I agree with the proposed direction to add init?(validating:as:) to the standard library, and I think the rationale given passes the bar we've previously stated for additions to the standard library (namely: "It is possible to compose it using existing public API, but only at the cost of extra memory copies and allocations. The standard library is uniquely positioned to implement this functionality in a performant way."). I also agree that separate APIs for input validation (rather than validation-as-part-of-initialization) as well as normalization are properly separate topics that can be separated from this proposal.

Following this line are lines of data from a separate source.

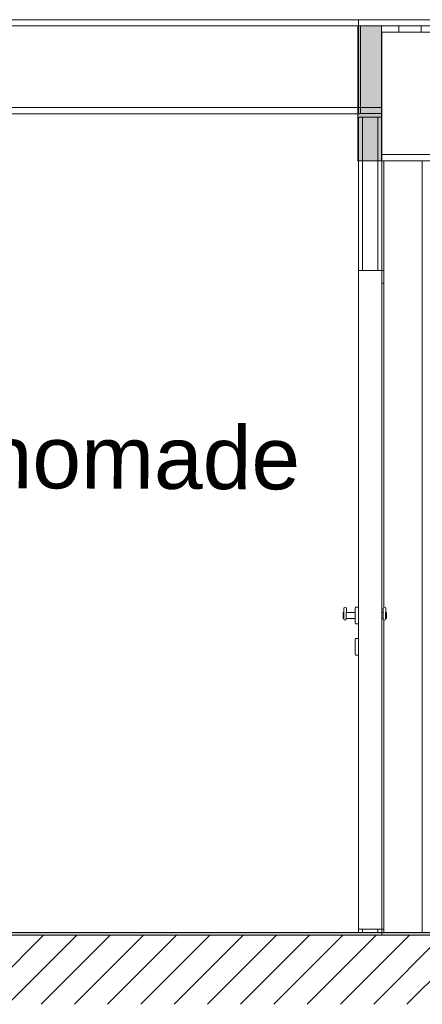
# Model space of a CAD drawing. Header units: millimetres. Extents: x 3311 to 117041, y -19950 to 21829.
# Tile 58 of 68: x 24264 to 25549, y 16590 to 19730. Entities that reach past the tile are written whole.
import ezdxf

# ---------------------------------------------------------------- set-up
doc = ezdxf.new("R2010")
doc.units = ezdxf.units.MM
doc.header["$MEASUREMENT"] = 0
for name, color, linetype in [('01-STR_Dalles toitures.ARCHI', 7, 'Continuous'), ('01-STR_Dalles.ARCHI', 7, 'Continuous'), ('04-SOE_Cloisons .ARCHI', 7, 'Continuous'), ('04-SOE_Faux Plafond.ARCHI', 7, 'Continuous'), ('04-SOE_Revetement de sol.ARCHI', 7, 'Continuous'), ('05-INF _ COTATIONS.ARCHI', 7, 'Continuous'), ('06-REP _ EQUIP MOBI _ marché.ARCHI', 7, 'Continuous'), ('Portes Archicad', 7, 'Continuous')]:
    doc.layers.add(name, color=color, linetype=linetype)
doc.styles.add('STYLE_GENERE_1', font='arial.ttf')
doc.dimstyles.new('STYLE_GENERE__1', dxfattribs={"dimtxt": 150, "dimasz": 114, "dimexe": 0.18, "dimexo": 400, "dimgap": 0, "dimtad": 1, "dimlfac": 0.001, "dimzin": 0, "dimdsep": 46, "dimtxsty": 'STYLE_GENERE_1', "dimblk": 'ARROWHEAD_2', "dimblk1": 'ARROWHEAD_2', "dimblk2": 'ARROWHEAD_2', "dimcen": 0.09, "dimclrd": 8, "dimclre": 8, "dimclrt": 8, "dimazin": 0, "dimtfac": 1, "dimtdec": 4, "dimtmove": 0, "dimatfit": 3, "dimfxl": 0, "dimtolj": 1, "dimtzin": 0, "dimarcsym": 0})
pattern_1 = [(0, (0, 0), (0, 100000000), [])]

# ---------------------------------------------------------------- blocks, each defined once
blk = doc.blocks.new('Élément de coupe_110_1')
at = {"layer": '01-STR_Dalles toitures.ARCHI', "color": 7, "linetype": 'Continuous', "lineweight": 5}
blk.add_line((30638.9, 19710), (21670.4, 19710), dxfattribs=at)
at = {"layer": '01-STR_Dalles toitures.ARCHI', "color": 7, "linetype": 'Continuous', "lineweight": 5, "flags": 128}
blk.add_lwpolyline([(30638.9, 19730), (29536.8, 19730), (27336.7, 19730), (25344.6, 19730), (22041.6, 19730), (21670.4, 19730)], dxfattribs=at)
blk = doc.blocks.new('Élément de coupe_111_1')
at = {"layer": '01-STR_Dalles.ARCHI', "linetype": 'Continuous', "lineweight": 0, "true_color": 0x000000}
h = blk.add_hatch(dxfattribs=at)
h.set_pattern_fill('Hachure_simple_0001', color=18, style=0, pattern_type=2)
h.set_pattern_definition([(45, (0, 0), (-53.03301, 53.03301), [])])
h.paths.add_polyline_path([(21410.6, 16810), (21410.6, 16590), (30823.6, 16590), (30823.6, 16810)])
at = {"layer": '01-STR_Dalles.ARCHI', "color": 7, "linetype": 'Continuous', "lineweight": 5}
blk.add_line((25419.6, 16810), (25419.6, 16810), dxfattribs=at)
at = {"layer": '01-STR_Dalles.ARCHI', "color": 7, "linetype": 'Continuous', "lineweight": 5, "flags": 128}
blk.add_lwpolyline([(27261.7, 16810), (25419.6, 16810), (21670.4, 16810)], dxfattribs=at)
blk = doc.blocks.new('Élément de coupe_141_1')
at = {"layer": '04-SOE_Cloisons .ARCHI', "color": 7, "linetype": 'Continuous', "lineweight": 5}
for p, q in [((25419.6, 19430.4), (25350.9, 19430.4)), ((25548.2, 18919), (25548.2, 19280)), ((25548.2, 16819), (25548.2, 18919)), ((25548.3, 18919), (25548.6, 18919)), ((25344.6, 16819), (21676.8, 16819)), ((25548.2, 16819), (25425.9, 16819)), ((25548.6, 16819), (25548.3, 16819))]:
    blk.add_line(p, q, dxfattribs=at)
blk = doc.blocks.new('Élément de coupe_204_1')
at = {"layer": '04-SOE_Faux Plafond.ARCHI', "color": 252, "linetype": 'Continuous', "lineweight": 5}
for p, q in [((25351.4, 19450), (25351.4, 19710)), ((25473.7, 19690), (25473.7, 19710)), ((25544.9, 19710), (25544.9, 19690)), ((25344.6, 19450), (25351.4, 19450)), ((25351.4, 19450), (25419.6, 19450)), ((25351.4, 19430.4), (25351.4, 19450)), ((25344.6, 19430), (25350.9, 19430)), ((25350.9, 19430), (25350.9, 19430.4))]:
    blk.add_line(p, q, dxfattribs=at)
at = {"layer": '04-SOE_Faux Plafond.ARCHI', "color": 7, "linetype": 'Continuous', "lineweight": 5}
for p, q in [((25344.6, 19450), (22041.6, 19450)), ((25344.6, 19430), (22041.6, 19430))]:
    blk.add_line(p, q, dxfattribs=at)
at = {"layer": '04-SOE_Faux Plafond.ARCHI', "color": 7, "linetype": 'Continuous', "lineweight": 5, "flags": 128}
blk.add_lwpolyline([(25344.6, 19730), (25344.6, 19450), (25344.6, 19430)], dxfattribs=at)
blk = doc.blocks.new('Élément de coupe_231_1')
at = {"layer": '04-SOE_Revetement de sol.ARCHI', "linetype": 'Continuous', "lineweight": 0, "true_color": 0x3f3f3f}
blk.add_hatch(color=250, dxfattribs=at).paths.add_polyline_path([(25419.6, 16810), (27261.7, 16810), (27261.7, 16818.6), (25419.6, 16818.6)])
at = {"layer": '04-SOE_Revetement de sol.ARCHI', "color": 7, "linetype": 'Continuous', "lineweight": 5}
for p, q in [((25419.6, 16818.6), (25419.6, 16810)), ((27261.7, 16818.6), (25419.6, 16818.6)), ((27261.7, 16818.6), (27336.7, 16818.6)), ((27261.7, 16818.6), (27261.7, 16810))]:
    blk.add_line(p, q, dxfattribs=at)
blk = doc.blocks.new('Élément de coupe_232_1')
at = {"layer": '04-SOE_Revetement de sol.ARCHI', "linetype": 'Continuous', "lineweight": 0, "true_color": 0x3f3f3f}
blk.add_hatch(color=250, dxfattribs=at).paths.add_polyline_path([(21670.4, 16818.6), (21670.4, 16810), (25419.6, 16810), (25419.6, 16818.6)])
at = {"layer": '04-SOE_Revetement de sol.ARCHI', "color": 7, "linetype": 'Continuous', "lineweight": 5}
for q in [(21670.4, 16818.6), (25419.6, 16810)]:
    blk.add_line((25419.6, 16818.6), q, dxfattribs=at)
blk = doc.blocks.new('Élément de coupe_300_1')
at = {"layer": '04-SOE_Faux Plafond.ARCHI', "color": 7, "linetype": 'Continuous', "lineweight": 5}
for p, q in [((25419.6, 19690), (25419.6, 19419)), ((27264.6, 19690), (25419.6, 19690)), ((27264.6, 19690), (27264.6, 19459)), ((27264.6, 19459), (27264.6, 19300)), ((27264.6, 19300), (25419.6, 19300)), ((27261.7, 19280), (25419.6, 19280))]:
    blk.add_line(p, q, dxfattribs=at)
at = {"layer": '04-SOE_Faux Plafond.ARCHI', "color": 252, "linetype": 'Continuous', "lineweight": 5}
for p in [(27264.6, 19690), (27277.7, 19459)]:
    blk.add_line(p, (27277.7, 19690), dxfattribs=at)
at = {"layer": '04-SOE_Faux Plafond.ARCHI', "color": 7, "linetype": 'Continuous', "lineweight": 5, "flags": 128}
blk.add_lwpolyline([(25419.6, 19419), (25419.6, 19300), (25419.6, 19280)], dxfattribs=at)
blk = doc.blocks.new('Élément de coupe_435_1')
at = {"layer": 'Portes Archicad', "linetype": 'Continuous', "lineweight": 0, "true_color": 0x000000}
h = blk.add_hatch(dxfattribs=at)
h.set_pattern_fill('Menuis1_0001', color=18, style=0, pattern_type=2)
h.set_pattern_definition(pattern_1)
h.paths.add_polyline_path([(25344.6, 18890), (25419.6, 18890), (25419.6, 18930), (25344.6, 18930)])
h = blk.add_hatch(dxfattribs=at)
h.set_pattern_fill('Menuis1_0001', color=18, style=0, pattern_type=2)
h.set_pattern_definition(pattern_1)
h.paths.add_polyline_path([(25344.6, 18890), (25344.6, 16830), (25419.6, 16830), (25419.6, 18890)])
at = {"layer": 'Portes Archicad', "color": 7, "linetype": 'Continuous', "lineweight": 5}
for p, q in [((25357.6, 18930), (25344.6, 18930)), ((25419.6, 18930), (25406.6, 18930)), ((25425.9, 18930), (25419.6, 18930)), ((25425.9, 18890), (25425.9, 18930)), ((25419.7, 16830), (25419.7, 18890)), ((25419.7, 18890), (25425.6, 18890)), ((25425.6, 18890), (25425.6, 17856.1)), ((25425.9, 17856.2), (25425.9, 18890)), ((25344.6, 17875.3), (25344.6, 17866)), ((25296, 17840), (25295.9, 17838.1)), ((25295.9, 17838.1), (25295.9, 17833.1)), ((25296.1, 17840), (25298.2, 17840)), ((25298.3, 17840), (25298.3, 17838.1)), ((25298.4, 17838.7), (25298.3, 17840)), ((25298.3, 17838.7), (25298.3, 17837.1)), ((25298.3, 17838.1), (25298.3, 17833.1)), ((25298.5, 17839.7), (25298.4, 17835.7)), ((25298.4, 17835.7), (25298.4, 17830.2)), ((25298.6, 17853.2), (25298.5, 17839.7)), ((25299.7, 17855.9), (25298.6, 17853.2)), ((25302.4, 17857), (25299.7, 17855.9)), ((25302.9, 17857), (25302.4, 17857)), ((25305.6, 17855.9), (25302.9, 17857)), ((25306.7, 17853.2), (25305.6, 17855.9)), ((25305.9, 17833.1), (25306, 17838.1)), ((25306, 17838.1), (25306, 17840)), ((25306, 17840), (25306, 17838.7)), ((25306.1, 17840), (25306.1, 17838.1)), ((25306.1, 17838.1), (25306.1, 17833.1)), ((25306.2, 17840), (25334.8, 17840)), ((25306.7, 17852.1), (25306.7, 17853.2)), ((25306.7, 17848.9), (25306.7, 17852.1)), ((25306.7, 17844.5), (25306.7, 17848.9)), ((25306.7, 17840.1), (25306.7, 17844.5)), ((25306.7, 17840), (25306.7, 17840.1)), ((25334.9, 17853.4), (25334.8, 17843.5)), ((25334.8, 17843.5), (25334.8, 17830)), ((25335, 17857), (25334.9, 17853.4)), ((25335.1, 17857), (25344.6, 17857)), ((25344.6, 17856.7), (25344.6, 17866)), ((25423.7, 17840), (25419.7, 17840)), ((25423.8, 17840), (25423.8, 17838.1)), ((25423.9, 17838.7), (25423.8, 17840)), ((25423.8, 17838.7), (25423.8, 17837.1)), ((25423.8, 17838.1), (25423.8, 17833.1)), ((25424.1, 17853.2), (25423.9, 17839.7)), ((25423.9, 17839.7), (25423.9, 17835.7)), ((25423.9, 17835.7), (25423.9, 17830.2)), ((25424.1, 17853.2), (25425.2, 17855.9)), ((25425.2, 17855.9), (25427.8, 17857)), ((25428.4, 17857), (25427.8, 17857)), ((25428.4, 17857), (25431, 17855.9)), ((25431, 17855.9), (25432.1, 17853.2)), ((25431.4, 17838.1), (25431.5, 17840)), ((25431.4, 17833.1), (25431.4, 17838.1)), ((25431.5, 17840), (25431.5, 17838.7)), ((25431.6, 17840), (25431.6, 17838.1)), ((25431.6, 17838.1), (25431.6, 17833.1)), ((25433.9, 17840), (25431.7, 17840)), ((25432.1, 17852.1), (25432.1, 17853.2)), ((25432.2, 17848.9), (25432.1, 17852.1)), ((25432.2, 17844.5), (25432.2, 17848.9)), ((25432.2, 17840.1), (25432.2, 17844.5)), ((25432.2, 17840), (25432.2, 17840.1)), ((25434, 17840), (25433.9, 17838.1)), ((25433.9, 17838.1), (25433.9, 17833.1)), ((25434, 17838.1), (25434, 17840)), ((25434, 17833.1), (25434, 17838.1)), ((25295.9, 17833.1), (25295.9, 17826.9)), ((25295.9, 17826.9), (25295.9, 17821.9)), ((25295.9, 17821.9), (25296, 17820)), ((25296.1, 17820), (25298.2, 17820)), ((25298.3, 17833.1), (25298.3, 17826.9)), ((25298.3, 17833.1), (25298.3, 17832.7)), ((25298.3, 17827.3), (25298.3, 17826.9)), ((25298.3, 17826.9), (25298.3, 17821.9)), ((25298.3, 17822.9), (25298.3, 17821.2)), ((25298.3, 17821.9), (25298.3, 17820)), ((25298.3, 17820), (25298.4, 17821.2)), ((25298.4, 17830.2), (25298.4, 17824.6)), ((25298.4, 17824.6), (25298.5, 17820.4)), ((25298.5, 17820.4), (25298.5, 17818.8)), ((25299.6, 17816), (25298.5, 17818.8)), ((25302.2, 17814.9), (25299.6, 17816)), ((25304.9, 17816), (25302.2, 17814.9)), ((25306, 17818.8), (25304.9, 17816)), ((25305.9, 17826.9), (25305.9, 17833.1)), ((25306, 17821.9), (25305.9, 17826.9)), ((25306, 17820), (25306, 17821.9)), ((25306, 17821.2), (25306, 17820)), ((25306, 17820), (25306, 17821.2)), ((25306, 17818.8), (25306, 17820)), ((25306.1, 17833.1), (25306.1, 17826.9)), ((25306.1, 17826.9), (25306.1, 17821.9)), ((25306.1, 17821.9), (25306.1, 17820)), ((25306.2, 17820), (25334.8, 17820)), ((25334.8, 17830), (25334.8, 17816.5)), ((25334.8, 17816.5), (25334.9, 17806.6)), ((25334.9, 17806.6), (25335, 17803)), ((25423.7, 17820), (25419.7, 17820)), ((25423.8, 17833.1), (25423.8, 17832.7)), ((25423.8, 17833.1), (25423.8, 17826.9)), ((25423.8, 17827.3), (25423.8, 17826.9)), ((25423.8, 17826.9), (25423.8, 17821.9)), ((25423.8, 17822.9), (25423.8, 17821.2)), ((25423.8, 17821.9), (25423.8, 17820)), ((25423.8, 17820), (25423.9, 17821.2)), ((25423.9, 17830.2), (25423.9, 17824.6)), ((25423.9, 17824.6), (25423.9, 17820.4)), ((25423.9, 17820.4), (25424, 17818.8)), ((25424, 17818.8), (25425.1, 17816)), ((25425.1, 17816), (25427.7, 17814.9)), ((25425.6, 17815.8), (25425.6, 16830)), ((25425.9, 16830), (25425.9, 17815.7)), ((25427.7, 17814.9), (25430.4, 17816)), ((25430.4, 17816), (25431.5, 17818.8)), ((25431.4, 17826.9), (25431.4, 17833.1)), ((25431.4, 17821.9), (25431.4, 17826.9)), ((25431.5, 17820), (25431.4, 17821.9)), ((25431.5, 17820), (25431.5, 17821.2)), ((25431.5, 17821.2), (25431.5, 17820)), ((25431.5, 17818.8), (25431.5, 17820)), ((25431.6, 17833.1), (25431.6, 17826.9)), ((25431.6, 17826.9), (25431.6, 17821.9)), ((25431.6, 17821.9), (25431.6, 17820)), ((25433.9, 17820), (25431.7, 17820)), ((25433.9, 17833.1), (25433.9, 17826.9)), ((25433.9, 17826.9), (25433.9, 17821.9)), ((25433.9, 17821.9), (25434, 17820)), ((25434, 17826.9), (25434, 17833.1)), ((25434, 17821.9), (25434, 17826.9)), ((25434, 17820), (25434, 17821.9)), ((25335.1, 17803), (25344.6, 17803)), ((25334.9, 17753.4), (25334.8, 17743.5)), ((25334.8, 17743.5), (25334.8, 17730)), ((25335, 17757), (25334.9, 17753.4)), ((25335.1, 17757), (25344.6, 17757)), ((25334.8, 17730), (25334.8, 17716.5)), ((25334.8, 17716.5), (25334.9, 17706.6)), ((25334.9, 17706.6), (25335, 17703)), ((25335.1, 17703), (25344.6, 17703)), ((25357.6, 16830), (25344.6, 16830)), ((25419.6, 16830), (25406.6, 16830)), ((25419.6, 16830), (25419.7, 16830)), ((25425.6, 16830), (25419.7, 16830)), ((25425.6, 16830), (25425.9, 16830))]:
    blk.add_line(p, q, dxfattribs=at)
at = {"layer": 'Portes Archicad', "color": 7, "linetype": 'Continuous', "lineweight": 5, "flags": 128}
for points in [[(25344.6, 18930), (25344.6, 18890), (25344.6, 16830)], [(25419.6, 18930), (25419.6, 18890), (25419.6, 16830)]]:
    blk.add_lwpolyline(points, dxfattribs=at)
blk = doc.blocks.new('Élément de coupe_436_1')
at = {"layer": '04-SOE_Cloisons .ARCHI', "color": 7, "linetype": 'Continuous', "lineweight": 5}
for p, q in [((25344.6, 19419), (25344.6, 18930)), ((25357.6, 19419), (25344.6, 19419)), ((25357.6, 19419), (25357.6, 18930)), ((25406.6, 19419), (25357.6, 19419)), ((25406.6, 19419), (25406.6, 18930)), ((25419.6, 19419), (25406.6, 19419)), ((25419.6, 19280), (25419.6, 18930)), ((25425.9, 18930), (25425.9, 19280)), ((25406.6, 18930), (25357.6, 18930)), ((25344.6, 16830), (25344.6, 16819)), ((25357.6, 16819), (25344.6, 16819)), ((25357.6, 16830), (25357.6, 16819)), ((25406.6, 16830), (25357.6, 16830)), ((25406.6, 16819), (25357.6, 16819)), ((25406.6, 16830), (25406.6, 16819)), ((25419.6, 16819), (25406.6, 16819)), ((25419.6, 16830), (25419.6, 16819)), ((25425.9, 16819), (25419.6, 16819)), ((25425.9, 16819), (25425.9, 16830))]:
    blk.add_line(p, q, dxfattribs=at)
blk = doc.blocks.new('Élément de coupe_547_1')
at = {"layer": '04-SOE_Revetement de sol.ARCHI', "color": 7, "linetype": 'Continuous', "lineweight": 5}
for p, q in [((25525.5, 16818.6), (25525.5, 16819)), ((25535.4, 16818.6), (25535.4, 16819))]:
    blk.add_line(p, q, dxfattribs=at)
blk = doc.blocks.new('*D617')
at = {"layer": '05-INF _ COTATIONS.ARCHI', "color": 8, "linetype": 'Continuous', "lineweight": 5}
for p, q in [((22758.6, 19430), (22758.6, 19503.3)), ((22833.6, 19386.7), (22683.6, 19473.3)), ((22871.1, 19430), (22358.6, 19430)), ((22758.6, 16830), (22758.6, 19430)), ((22683.6, 16873.3), (22833.6, 16786.7)), ((23158.6, 16830), (22646.1, 16830)), ((22758.6, 16756.7), (22758.6, 16830))]:
    blk.add_line(p, q, dxfattribs=at)
at = {"layer": '05-INF _ COTATIONS.ARCHI', "color": 8, "lineweight": 5, "insert": (22728.6, 17929.8), "char_height": 150, "attachment_point": 7, "rotation": 90, "style": 'STYLE_GENERE_1'}
blk.add_mtext('\\A1;{\\pql;\\fArial|b0|i0|c0|p0;\\W1.000000;2,60}', dxfattribs=at)
blk = doc.blocks.new('ARROWHEAD_2')
at = {"color": 0, "linetype": 'Continuous', "lineweight": 0}
for p, q in [((-0.378, -0.655), (0.378, 0.655)), ((0, 0), (-1, 0))]:
    blk.add_line(p, q, dxfattribs=at)

msp = doc.modelspace()

# ---------------------------------------------------------------- hatches: boundary and pattern name
at = {"layer": '06-REP _ EQUIP MOBI _ marché.ARCHI', "linetype": 'Continuous', "lineweight": 50}
msp.add_hatch(color=255, dxfattribs=at).paths.add_polyline_path([(25418.199, 19280), (25418.199, 19710), (25343.197, 19710), (25343.197, 19280)])

# ---------------------------------------------------------------- linework, layer by layer
at = {"layer": '06-REP _ EQUIP MOBI _ marché.ARCHI', "color": 7, "linetype": 'Continuous', "lineweight": 5, "flags": 128}
msp.add_lwpolyline([(25418.199, 19280), (25418.199, 19710), (25343.197, 19710), (25343.197, 19280)], close=True, dxfattribs=at)

# ---------------------------------------------------------------- block references
at = {"layer": '01-STR_Dalles toitures.ARCHI', "lineweight": 0}
msp.add_blockref('Élément de coupe_110_1', (0, 0), dxfattribs=at)
at = {"layer": '01-STR_Dalles.ARCHI', "lineweight": 0}
msp.add_blockref('Élément de coupe_111_1', (0, 0), dxfattribs=at)
at = {"layer": '04-SOE_Cloisons .ARCHI', "lineweight": 0}
for name in ['Élément de coupe_141_1', 'Élément de coupe_436_1']:
    msp.add_blockref(name, (0, 0), dxfattribs=at)
at = {"layer": '04-SOE_Faux Plafond.ARCHI', "lineweight": 0}
for name in ['Élément de coupe_204_1', 'Élément de coupe_300_1']:
    msp.add_blockref(name, (0, 0), dxfattribs=at)
at = {"layer": '04-SOE_Revetement de sol.ARCHI', "lineweight": 0}
for name in ['Élément de coupe_232_1', 'Élément de coupe_231_1', 'Élément de coupe_547_1']:
    msp.add_blockref(name, (0, 0), dxfattribs=at)
at = {"layer": 'Portes Archicad', "lineweight": 0}
msp.add_blockref('Élément de coupe_435_1', (0, 0), dxfattribs=at)

# ---------------------------------------------------------------- texts
at = {"color": 7, "linetype": 'Continuous', "lineweight": 5, "insert": (23170.965, 18339.377), "char_height": 200, "attachment_point": 4, "rotation": 359.745113, "style": 'STYLE_GENERE_1'}
msp.add_mtext('\\A1;{\\pql;\\fArial|b0|i0|c0|p0;\\W1.000000;Bureau nomade}', dxfattribs=at)

# ---------------------------------------------------------------- dimensions: what is measured, and where the dimension line sits
at = {"layer": '05-INF _ COTATIONS.ARCHI', "color": 8, "linetype": 'Continuous', "lineweight": 5}
dim = msp.add_linear_dim(base=(22758.609, 19430), p1=(30642.946, 16830), p2=(21676.586, 19430), angle=90, dimstyle='STYLE_GENERE__1', dxfattribs=at)
dim.commit()
dim.dimension.update_dxf_attribs({"geometry": '*D617', "text_midpoint": (22653.609, 18123.997), "dimtype": 160, "text_rotation": 90})

doc.saveas('drawing.dxf')

As to fit with the Swift standard library, however, I would echo @wadetregaskis's concern about adding additional overloads, particularly with respect to the convenience API init?(validatingAsUTF8:). If this API were a standalone proposal, I do not think the justification that there are a lot of overloads and, thus with the most appropriate being hard to find, adding this one to make it easier to pick out from the bunch would pass muster. Indeed, it is adding to the very problem that it is purportedly trying to alleviate. It calls to mind that phrase from Virgil's Aeneid (XII:45): aegrescitque medendo ("and by the remedy he grows sicker").
I am also concerned that the distinction between the new init?(validatingAsUTF8:) and the now to-be-deprecated init?(validatingUTF8:) is entirely too subtle. Leaving the word "as" to be the user-visible distinguishing mark between the old and new APIs which have a difference in expectation with regard to nul-termination does not strike me as a principled move here; instead, I'd think that the resulting set of String APIs would be more coherent if this proposal added only init?(validating:as:) APIs—including versions that take CChar—and renamed the existing init?(validatingUTF8:).
Regarding the overload that takes CChar elements: the rationale that there would be ambiguity if an overload that takes some Sequence<CChar> is used on platforms where CChar is aliased to UInt8 seems solvable to me in ways other than restricting to UnsafeBufferPointer<CChar>:
- Such an overload could be
#if'd such that it is present only on platforms that alias CChar to Int8
- Such an overload could instead be written to take
some Sequence<Int8> so that the same functionality is present on all platforms regardless of what CChar is aliased to
- Such an overload could be designated
@_disfavoredOverload
It may still be the case that, of all these alternatives, restricting to UnsafeBufferPointer is the best, but the proposal does not make the case.
Regarding the renamed init?(validatingCString:), a small nit and a suggestion:
The nit: the internal parameter name isn't part of the API, but many years ago I commented on the standard library spelling of nul to indicate the NUL character and was told that this was indeed the intended house style; it is inconsistent therefore that this proposal adopts the spelling nullTerminatedCodeUnits.
The suggestion: The renamed API nowhere tells us that it's validating the input as UTF-8: the proposed renaming adds the crucial detail about nul-termination but then loses the detail about encoding. The existing String API includes the property utf8CString (full disclosure: I was the one who wrote the proposal to rename nulTerminatedUTF8CString to its present name) and I think it would be cromulent to parallel that here: init?(validatingUTF8CString:).